Initially I thought it was bad memory. I tried booting with some memory that I knew for a fact was good. Same problem. Then I thought the hard drive had issues. So I replaced it with a hard drive that I knew was good. Same problem. I thought maybe I had too many things plugged into the power supply so I tried again with the bare minimum (1 CPU fan, hard drive, 1 stick of memory, and motherboard) and that had the same result. So I thought maybe the power supply was bad. I took the power supply and put it into another computer that I knew was working correctly. The other computer booted correctly from the off state with this power supply. So now I'm stumped. 

What I'm using in my build...

Antec 1200 v3 case
ASUS M4A89GTD Pro / USB 3.0
AMD Phenom II 1090T BE
G.Skill Ripjaws 4GB 2000 MHz (downclocked to 1600) x2
LiteOn CD/DVD burner
Corsair H70 CPU cooler w/ push/pull fans
4 120mm case fans and a 200m case fan on top
VisionTek 650 watt power supply 

I'm running windows 7 64-bit if that matters.
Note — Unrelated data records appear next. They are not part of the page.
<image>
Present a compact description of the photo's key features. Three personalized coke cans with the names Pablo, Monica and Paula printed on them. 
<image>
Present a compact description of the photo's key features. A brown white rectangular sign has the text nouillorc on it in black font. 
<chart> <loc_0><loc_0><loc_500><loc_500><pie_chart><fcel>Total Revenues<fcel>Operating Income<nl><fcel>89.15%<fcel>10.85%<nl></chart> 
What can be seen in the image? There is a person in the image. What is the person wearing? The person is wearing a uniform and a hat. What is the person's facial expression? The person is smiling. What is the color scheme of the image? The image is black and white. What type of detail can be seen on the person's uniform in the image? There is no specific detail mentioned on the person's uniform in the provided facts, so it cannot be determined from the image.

Any input would be greatly appreciated. Googling hasn't helped me much...

PS: It definitely works perfectly once I hit reset and it actually boots... 30 min of Prime95 with a max temp of 39 C, no errors, and an error-free pass of of memtest85. So it's definitely not overheating and the system seems pretty stable. Everything is running with stock settings except the memory.
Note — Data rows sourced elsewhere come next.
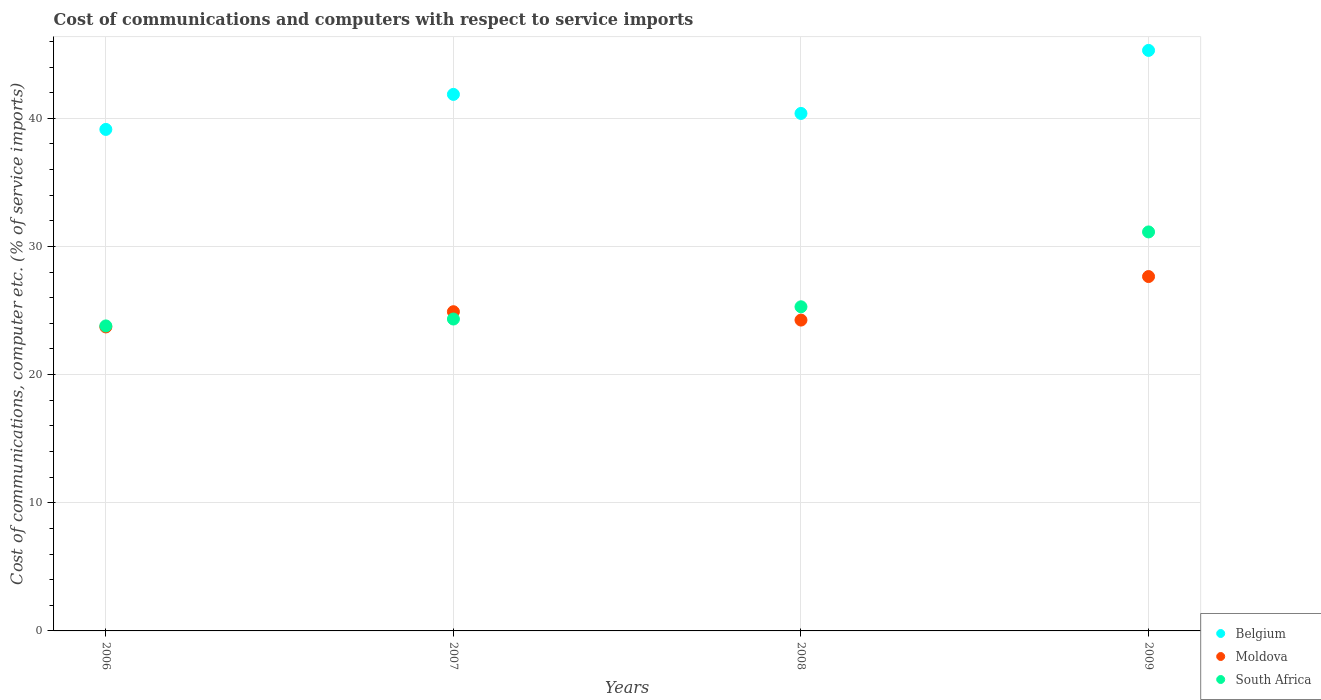What is the cost of communications and computers in South Africa in 2008?
Make the answer very short. 25.29. Across all years, what is the maximum cost of communications and computers in Belgium?
Your answer should be compact. 45.3. Across all years, what is the minimum cost of communications and computers in Moldova?
Offer a terse response. 23.72. In which year was the cost of communications and computers in Belgium minimum?
Provide a succinct answer. 2006. What is the total cost of communications and computers in South Africa in the graph?
Give a very brief answer. 104.57. What is the difference between the cost of communications and computers in Belgium in 2006 and that in 2009?
Ensure brevity in your answer.  -6.17. What is the difference between the cost of communications and computers in South Africa in 2007 and the cost of communications and computers in Moldova in 2009?
Keep it short and to the point. -3.31. What is the average cost of communications and computers in Belgium per year?
Give a very brief answer. 41.67. In the year 2008, what is the difference between the cost of communications and computers in Moldova and cost of communications and computers in South Africa?
Keep it short and to the point. -1.04. In how many years, is the cost of communications and computers in Belgium greater than 30 %?
Ensure brevity in your answer.  4. What is the ratio of the cost of communications and computers in Moldova in 2007 to that in 2009?
Provide a short and direct response. 0.9. Is the cost of communications and computers in Moldova in 2008 less than that in 2009?
Your response must be concise. Yes. What is the difference between the highest and the second highest cost of communications and computers in Belgium?
Your answer should be very brief. 3.43. What is the difference between the highest and the lowest cost of communications and computers in Moldova?
Offer a terse response. 3.93. Is the sum of the cost of communications and computers in South Africa in 2006 and 2008 greater than the maximum cost of communications and computers in Belgium across all years?
Your answer should be very brief. Yes. Is the cost of communications and computers in South Africa strictly greater than the cost of communications and computers in Belgium over the years?
Give a very brief answer. No. How many dotlines are there?
Provide a short and direct response. 3. How many years are there in the graph?
Offer a very short reply. 4. Where does the legend appear in the graph?
Offer a terse response. Bottom right. How are the legend labels stacked?
Offer a very short reply. Vertical. What is the title of the graph?
Provide a succinct answer. Cost of communications and computers with respect to service imports. Does "Middle income" appear as one of the legend labels in the graph?
Your response must be concise. No. What is the label or title of the Y-axis?
Provide a succinct answer. Cost of communications, computer etc. (% of service imports). What is the Cost of communications, computer etc. (% of service imports) of Belgium in 2006?
Offer a very short reply. 39.14. What is the Cost of communications, computer etc. (% of service imports) of Moldova in 2006?
Offer a terse response. 23.72. What is the Cost of communications, computer etc. (% of service imports) of South Africa in 2006?
Offer a very short reply. 23.8. What is the Cost of communications, computer etc. (% of service imports) of Belgium in 2007?
Provide a succinct answer. 41.87. What is the Cost of communications, computer etc. (% of service imports) of Moldova in 2007?
Make the answer very short. 24.91. What is the Cost of communications, computer etc. (% of service imports) in South Africa in 2007?
Ensure brevity in your answer.  24.34. What is the Cost of communications, computer etc. (% of service imports) of Belgium in 2008?
Provide a succinct answer. 40.38. What is the Cost of communications, computer etc. (% of service imports) of Moldova in 2008?
Your response must be concise. 24.26. What is the Cost of communications, computer etc. (% of service imports) of South Africa in 2008?
Provide a short and direct response. 25.29. What is the Cost of communications, computer etc. (% of service imports) of Belgium in 2009?
Your response must be concise. 45.3. What is the Cost of communications, computer etc. (% of service imports) of Moldova in 2009?
Make the answer very short. 27.65. What is the Cost of communications, computer etc. (% of service imports) in South Africa in 2009?
Offer a very short reply. 31.14. Across all years, what is the maximum Cost of communications, computer etc. (% of service imports) in Belgium?
Keep it short and to the point. 45.3. Across all years, what is the maximum Cost of communications, computer etc. (% of service imports) of Moldova?
Offer a terse response. 27.65. Across all years, what is the maximum Cost of communications, computer etc. (% of service imports) of South Africa?
Offer a very short reply. 31.14. Across all years, what is the minimum Cost of communications, computer etc. (% of service imports) in Belgium?
Your response must be concise. 39.14. Across all years, what is the minimum Cost of communications, computer etc. (% of service imports) of Moldova?
Give a very brief answer. 23.72. Across all years, what is the minimum Cost of communications, computer etc. (% of service imports) of South Africa?
Offer a very short reply. 23.8. What is the total Cost of communications, computer etc. (% of service imports) in Belgium in the graph?
Your response must be concise. 166.69. What is the total Cost of communications, computer etc. (% of service imports) in Moldova in the graph?
Offer a very short reply. 100.54. What is the total Cost of communications, computer etc. (% of service imports) in South Africa in the graph?
Your answer should be very brief. 104.57. What is the difference between the Cost of communications, computer etc. (% of service imports) of Belgium in 2006 and that in 2007?
Keep it short and to the point. -2.73. What is the difference between the Cost of communications, computer etc. (% of service imports) of Moldova in 2006 and that in 2007?
Your answer should be compact. -1.19. What is the difference between the Cost of communications, computer etc. (% of service imports) of South Africa in 2006 and that in 2007?
Make the answer very short. -0.54. What is the difference between the Cost of communications, computer etc. (% of service imports) in Belgium in 2006 and that in 2008?
Provide a short and direct response. -1.25. What is the difference between the Cost of communications, computer etc. (% of service imports) of Moldova in 2006 and that in 2008?
Offer a terse response. -0.54. What is the difference between the Cost of communications, computer etc. (% of service imports) of South Africa in 2006 and that in 2008?
Your answer should be compact. -1.49. What is the difference between the Cost of communications, computer etc. (% of service imports) of Belgium in 2006 and that in 2009?
Offer a very short reply. -6.17. What is the difference between the Cost of communications, computer etc. (% of service imports) in Moldova in 2006 and that in 2009?
Your answer should be very brief. -3.93. What is the difference between the Cost of communications, computer etc. (% of service imports) in South Africa in 2006 and that in 2009?
Offer a terse response. -7.33. What is the difference between the Cost of communications, computer etc. (% of service imports) in Belgium in 2007 and that in 2008?
Your answer should be very brief. 1.49. What is the difference between the Cost of communications, computer etc. (% of service imports) in Moldova in 2007 and that in 2008?
Offer a very short reply. 0.65. What is the difference between the Cost of communications, computer etc. (% of service imports) in South Africa in 2007 and that in 2008?
Your response must be concise. -0.96. What is the difference between the Cost of communications, computer etc. (% of service imports) in Belgium in 2007 and that in 2009?
Offer a terse response. -3.43. What is the difference between the Cost of communications, computer etc. (% of service imports) in Moldova in 2007 and that in 2009?
Your response must be concise. -2.74. What is the difference between the Cost of communications, computer etc. (% of service imports) in South Africa in 2007 and that in 2009?
Ensure brevity in your answer.  -6.8. What is the difference between the Cost of communications, computer etc. (% of service imports) of Belgium in 2008 and that in 2009?
Keep it short and to the point. -4.92. What is the difference between the Cost of communications, computer etc. (% of service imports) of Moldova in 2008 and that in 2009?
Keep it short and to the point. -3.4. What is the difference between the Cost of communications, computer etc. (% of service imports) of South Africa in 2008 and that in 2009?
Offer a very short reply. -5.84. What is the difference between the Cost of communications, computer etc. (% of service imports) in Belgium in 2006 and the Cost of communications, computer etc. (% of service imports) in Moldova in 2007?
Provide a short and direct response. 14.23. What is the difference between the Cost of communications, computer etc. (% of service imports) in Belgium in 2006 and the Cost of communications, computer etc. (% of service imports) in South Africa in 2007?
Offer a very short reply. 14.8. What is the difference between the Cost of communications, computer etc. (% of service imports) of Moldova in 2006 and the Cost of communications, computer etc. (% of service imports) of South Africa in 2007?
Offer a very short reply. -0.62. What is the difference between the Cost of communications, computer etc. (% of service imports) of Belgium in 2006 and the Cost of communications, computer etc. (% of service imports) of Moldova in 2008?
Provide a succinct answer. 14.88. What is the difference between the Cost of communications, computer etc. (% of service imports) of Belgium in 2006 and the Cost of communications, computer etc. (% of service imports) of South Africa in 2008?
Keep it short and to the point. 13.84. What is the difference between the Cost of communications, computer etc. (% of service imports) of Moldova in 2006 and the Cost of communications, computer etc. (% of service imports) of South Africa in 2008?
Your response must be concise. -1.57. What is the difference between the Cost of communications, computer etc. (% of service imports) of Belgium in 2006 and the Cost of communications, computer etc. (% of service imports) of Moldova in 2009?
Your answer should be very brief. 11.48. What is the difference between the Cost of communications, computer etc. (% of service imports) of Moldova in 2006 and the Cost of communications, computer etc. (% of service imports) of South Africa in 2009?
Provide a short and direct response. -7.42. What is the difference between the Cost of communications, computer etc. (% of service imports) of Belgium in 2007 and the Cost of communications, computer etc. (% of service imports) of Moldova in 2008?
Make the answer very short. 17.61. What is the difference between the Cost of communications, computer etc. (% of service imports) in Belgium in 2007 and the Cost of communications, computer etc. (% of service imports) in South Africa in 2008?
Your answer should be very brief. 16.57. What is the difference between the Cost of communications, computer etc. (% of service imports) in Moldova in 2007 and the Cost of communications, computer etc. (% of service imports) in South Africa in 2008?
Provide a short and direct response. -0.38. What is the difference between the Cost of communications, computer etc. (% of service imports) in Belgium in 2007 and the Cost of communications, computer etc. (% of service imports) in Moldova in 2009?
Give a very brief answer. 14.21. What is the difference between the Cost of communications, computer etc. (% of service imports) of Belgium in 2007 and the Cost of communications, computer etc. (% of service imports) of South Africa in 2009?
Keep it short and to the point. 10.73. What is the difference between the Cost of communications, computer etc. (% of service imports) in Moldova in 2007 and the Cost of communications, computer etc. (% of service imports) in South Africa in 2009?
Your response must be concise. -6.23. What is the difference between the Cost of communications, computer etc. (% of service imports) in Belgium in 2008 and the Cost of communications, computer etc. (% of service imports) in Moldova in 2009?
Your response must be concise. 12.73. What is the difference between the Cost of communications, computer etc. (% of service imports) in Belgium in 2008 and the Cost of communications, computer etc. (% of service imports) in South Africa in 2009?
Provide a succinct answer. 9.25. What is the difference between the Cost of communications, computer etc. (% of service imports) in Moldova in 2008 and the Cost of communications, computer etc. (% of service imports) in South Africa in 2009?
Your answer should be compact. -6.88. What is the average Cost of communications, computer etc. (% of service imports) in Belgium per year?
Make the answer very short. 41.67. What is the average Cost of communications, computer etc. (% of service imports) in Moldova per year?
Give a very brief answer. 25.14. What is the average Cost of communications, computer etc. (% of service imports) in South Africa per year?
Ensure brevity in your answer.  26.14. In the year 2006, what is the difference between the Cost of communications, computer etc. (% of service imports) of Belgium and Cost of communications, computer etc. (% of service imports) of Moldova?
Provide a short and direct response. 15.41. In the year 2006, what is the difference between the Cost of communications, computer etc. (% of service imports) in Belgium and Cost of communications, computer etc. (% of service imports) in South Africa?
Give a very brief answer. 15.33. In the year 2006, what is the difference between the Cost of communications, computer etc. (% of service imports) of Moldova and Cost of communications, computer etc. (% of service imports) of South Africa?
Provide a short and direct response. -0.08. In the year 2007, what is the difference between the Cost of communications, computer etc. (% of service imports) in Belgium and Cost of communications, computer etc. (% of service imports) in Moldova?
Your answer should be compact. 16.96. In the year 2007, what is the difference between the Cost of communications, computer etc. (% of service imports) of Belgium and Cost of communications, computer etc. (% of service imports) of South Africa?
Offer a terse response. 17.53. In the year 2007, what is the difference between the Cost of communications, computer etc. (% of service imports) in Moldova and Cost of communications, computer etc. (% of service imports) in South Africa?
Ensure brevity in your answer.  0.57. In the year 2008, what is the difference between the Cost of communications, computer etc. (% of service imports) in Belgium and Cost of communications, computer etc. (% of service imports) in Moldova?
Your answer should be compact. 16.12. In the year 2008, what is the difference between the Cost of communications, computer etc. (% of service imports) in Belgium and Cost of communications, computer etc. (% of service imports) in South Africa?
Your answer should be very brief. 15.09. In the year 2008, what is the difference between the Cost of communications, computer etc. (% of service imports) in Moldova and Cost of communications, computer etc. (% of service imports) in South Africa?
Your response must be concise. -1.04. In the year 2009, what is the difference between the Cost of communications, computer etc. (% of service imports) in Belgium and Cost of communications, computer etc. (% of service imports) in Moldova?
Make the answer very short. 17.65. In the year 2009, what is the difference between the Cost of communications, computer etc. (% of service imports) in Belgium and Cost of communications, computer etc. (% of service imports) in South Africa?
Give a very brief answer. 14.17. In the year 2009, what is the difference between the Cost of communications, computer etc. (% of service imports) of Moldova and Cost of communications, computer etc. (% of service imports) of South Africa?
Offer a terse response. -3.48. What is the ratio of the Cost of communications, computer etc. (% of service imports) of Belgium in 2006 to that in 2007?
Offer a terse response. 0.93. What is the ratio of the Cost of communications, computer etc. (% of service imports) in Moldova in 2006 to that in 2007?
Your response must be concise. 0.95. What is the ratio of the Cost of communications, computer etc. (% of service imports) in South Africa in 2006 to that in 2007?
Give a very brief answer. 0.98. What is the ratio of the Cost of communications, computer etc. (% of service imports) in Belgium in 2006 to that in 2008?
Your answer should be very brief. 0.97. What is the ratio of the Cost of communications, computer etc. (% of service imports) in Moldova in 2006 to that in 2008?
Make the answer very short. 0.98. What is the ratio of the Cost of communications, computer etc. (% of service imports) in South Africa in 2006 to that in 2008?
Your response must be concise. 0.94. What is the ratio of the Cost of communications, computer etc. (% of service imports) in Belgium in 2006 to that in 2009?
Ensure brevity in your answer.  0.86. What is the ratio of the Cost of communications, computer etc. (% of service imports) of Moldova in 2006 to that in 2009?
Your answer should be very brief. 0.86. What is the ratio of the Cost of communications, computer etc. (% of service imports) in South Africa in 2006 to that in 2009?
Provide a short and direct response. 0.76. What is the ratio of the Cost of communications, computer etc. (% of service imports) in Belgium in 2007 to that in 2008?
Your answer should be very brief. 1.04. What is the ratio of the Cost of communications, computer etc. (% of service imports) of Moldova in 2007 to that in 2008?
Offer a very short reply. 1.03. What is the ratio of the Cost of communications, computer etc. (% of service imports) of South Africa in 2007 to that in 2008?
Keep it short and to the point. 0.96. What is the ratio of the Cost of communications, computer etc. (% of service imports) in Belgium in 2007 to that in 2009?
Give a very brief answer. 0.92. What is the ratio of the Cost of communications, computer etc. (% of service imports) in Moldova in 2007 to that in 2009?
Keep it short and to the point. 0.9. What is the ratio of the Cost of communications, computer etc. (% of service imports) in South Africa in 2007 to that in 2009?
Your answer should be very brief. 0.78. What is the ratio of the Cost of communications, computer etc. (% of service imports) in Belgium in 2008 to that in 2009?
Offer a terse response. 0.89. What is the ratio of the Cost of communications, computer etc. (% of service imports) of Moldova in 2008 to that in 2009?
Keep it short and to the point. 0.88. What is the ratio of the Cost of communications, computer etc. (% of service imports) in South Africa in 2008 to that in 2009?
Your answer should be very brief. 0.81. What is the difference between the highest and the second highest Cost of communications, computer etc. (% of service imports) in Belgium?
Your answer should be very brief. 3.43. What is the difference between the highest and the second highest Cost of communications, computer etc. (% of service imports) of Moldova?
Provide a succinct answer. 2.74. What is the difference between the highest and the second highest Cost of communications, computer etc. (% of service imports) of South Africa?
Provide a succinct answer. 5.84. What is the difference between the highest and the lowest Cost of communications, computer etc. (% of service imports) of Belgium?
Keep it short and to the point. 6.17. What is the difference between the highest and the lowest Cost of communications, computer etc. (% of service imports) of Moldova?
Provide a succinct answer. 3.93. What is the difference between the highest and the lowest Cost of communications, computer etc. (% of service imports) of South Africa?
Offer a very short reply. 7.33.

PSS: I'm positive I have the reset and power buttons plugged into the correct places on the motherboard as well.


----------



## Rich-M (May 2, 2007)

I can't help but wonder if you don't have the "PW" and "RES" jumpers reversed as I seem to remember having this happen once before when I accidentally did that a few years ago. On most motherboards they are opposite each other.


----------



## Tyree (May 10, 2009)

Same thoughts a Rich-M about the front panel connections.
Are you using the Onboard Graphics? I also have to be suspicious of the VisionTek PSU. Can you try another PSU in your PC?


----------



## nick1084 (Apr 2, 2011)

I'm definitely sure PW and RES are in the correct places on the front panel and I have tried switching them. It just resulted in the same problem with different buttons. I had to hit reset to power on then power to boot. I have another PSU. My next step was to try another PSU. So I'll update when I finish switching in the other PSU. It has the same watts but I don't remember the brand name.


----------



## linderman (May 20, 2005)

nice system but powered by a "door stop"

can't make sushi with carp! :4-thatsba


----------



## nick1084 (Apr 2, 2011)

linderman said:


> nice system but powered by a "door stop"
> 
> can't make sushi with carp! :4-thatsba


Do you think I need one with more watts? Every calculator I used put me below 500 watts so I thought 650 was pretty safe. Any suggestions? I may be in the market for a new one here soon...


----------



## linderman (May 20, 2005)

watts is not the only evaluation concern by a long shot! wattage rating is just one toothpick of the whole box.

two choices for yah

*A)* research the whole story

http://www.techsupportforum.com/forums/f210/power-supply-information-and-selection-192217.html

or just head for the check out line

B) Seasonic 750
Corsair 750-TX V2
XFX Black edition 750
Coolermaster Silent Pro 750


----------



## nick1084 (Apr 2, 2011)

Thanks for the input. I was going to do my own research but I always find it helpful to have a good place to start. Thanks again.


----------



## Tyree (May 10, 2009)

nick1084 said:


> Thanks for the input. I was going to do my own research but I always find it helpful to have a good place to start. Thanks again.


linderman has done all the leg work for you and supplied you with some top quality choices.
The Power Supply Information and Selection is still worth the read though.


----------